╭─ Material provided

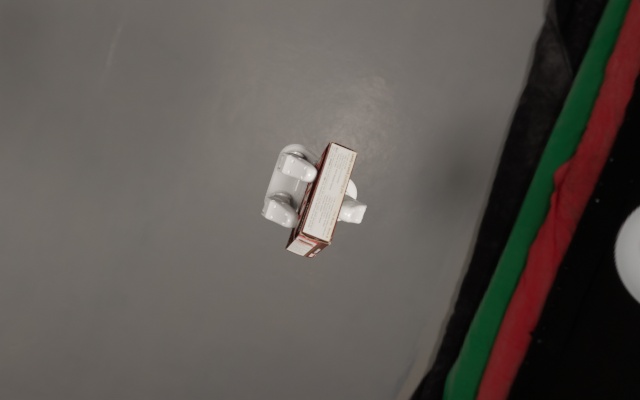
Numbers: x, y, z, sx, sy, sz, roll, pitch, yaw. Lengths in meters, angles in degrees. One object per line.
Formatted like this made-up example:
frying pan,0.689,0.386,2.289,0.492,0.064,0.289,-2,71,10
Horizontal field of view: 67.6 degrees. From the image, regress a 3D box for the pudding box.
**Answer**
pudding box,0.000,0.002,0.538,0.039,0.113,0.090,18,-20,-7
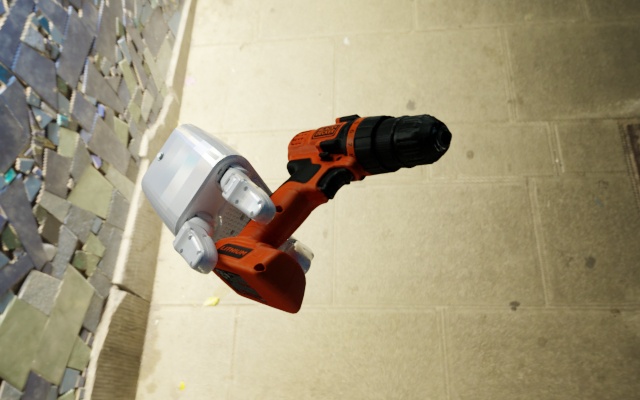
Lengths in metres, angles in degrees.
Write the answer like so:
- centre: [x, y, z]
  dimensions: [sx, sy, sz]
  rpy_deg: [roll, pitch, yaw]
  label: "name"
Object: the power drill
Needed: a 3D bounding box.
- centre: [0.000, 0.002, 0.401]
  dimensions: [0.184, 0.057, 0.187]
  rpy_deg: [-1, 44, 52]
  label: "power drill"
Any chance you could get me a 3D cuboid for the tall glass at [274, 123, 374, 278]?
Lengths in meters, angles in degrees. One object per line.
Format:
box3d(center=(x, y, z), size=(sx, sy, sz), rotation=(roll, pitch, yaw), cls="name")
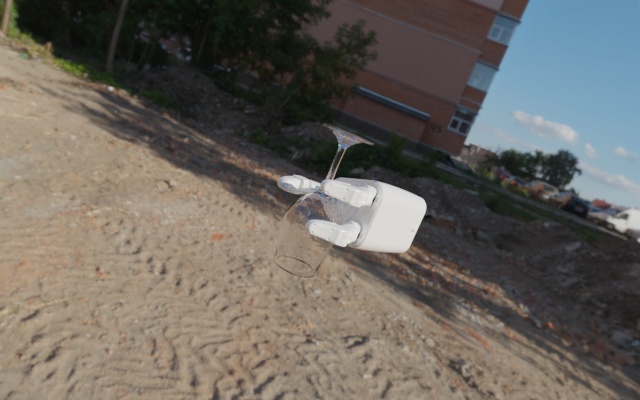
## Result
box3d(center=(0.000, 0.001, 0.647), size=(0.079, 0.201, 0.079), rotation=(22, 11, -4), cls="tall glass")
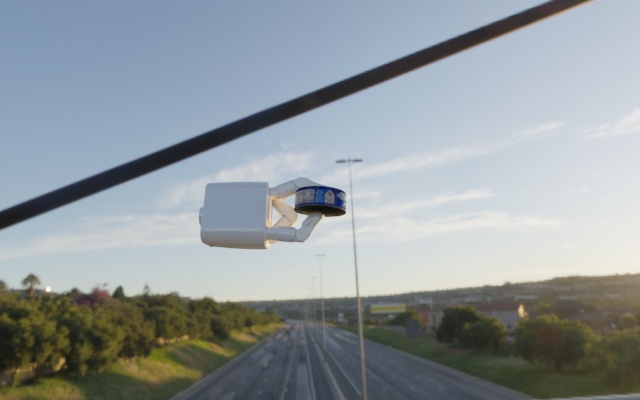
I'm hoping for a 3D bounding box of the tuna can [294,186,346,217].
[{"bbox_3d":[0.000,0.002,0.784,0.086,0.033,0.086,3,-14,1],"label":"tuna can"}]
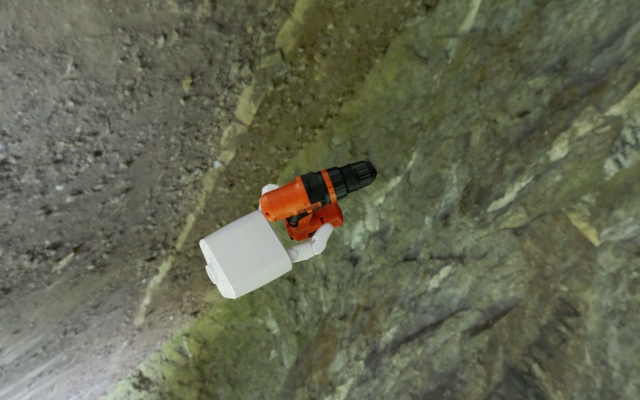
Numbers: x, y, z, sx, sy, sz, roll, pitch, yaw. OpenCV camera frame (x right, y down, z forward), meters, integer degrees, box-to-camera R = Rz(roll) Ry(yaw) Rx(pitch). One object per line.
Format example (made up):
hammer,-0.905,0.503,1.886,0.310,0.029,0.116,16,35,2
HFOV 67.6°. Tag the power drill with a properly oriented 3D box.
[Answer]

╰─

Find the lines in the entries above where "roll" occurs, and copy each of them.

Numbers: x, y, z, sx, sy, sz, roll, pitch, yaw. Lengths in meters, angles in degrees. One object per line.
  rpy_deg: [roll, pitch, yaw]
box3d(center=(x, y, z), size=(sx, sy, sz), rotation=(roll, pitch, yaw), cls="name")
Numbers: x, y, z, sx, sy, sz, roll, pitch, yaw. OpenCV camera frame (x right, y down, z forward), meters, integer degrees, box-to-camera R = Rz(roll) Ry(yaw) Rx(pitch). One object per line.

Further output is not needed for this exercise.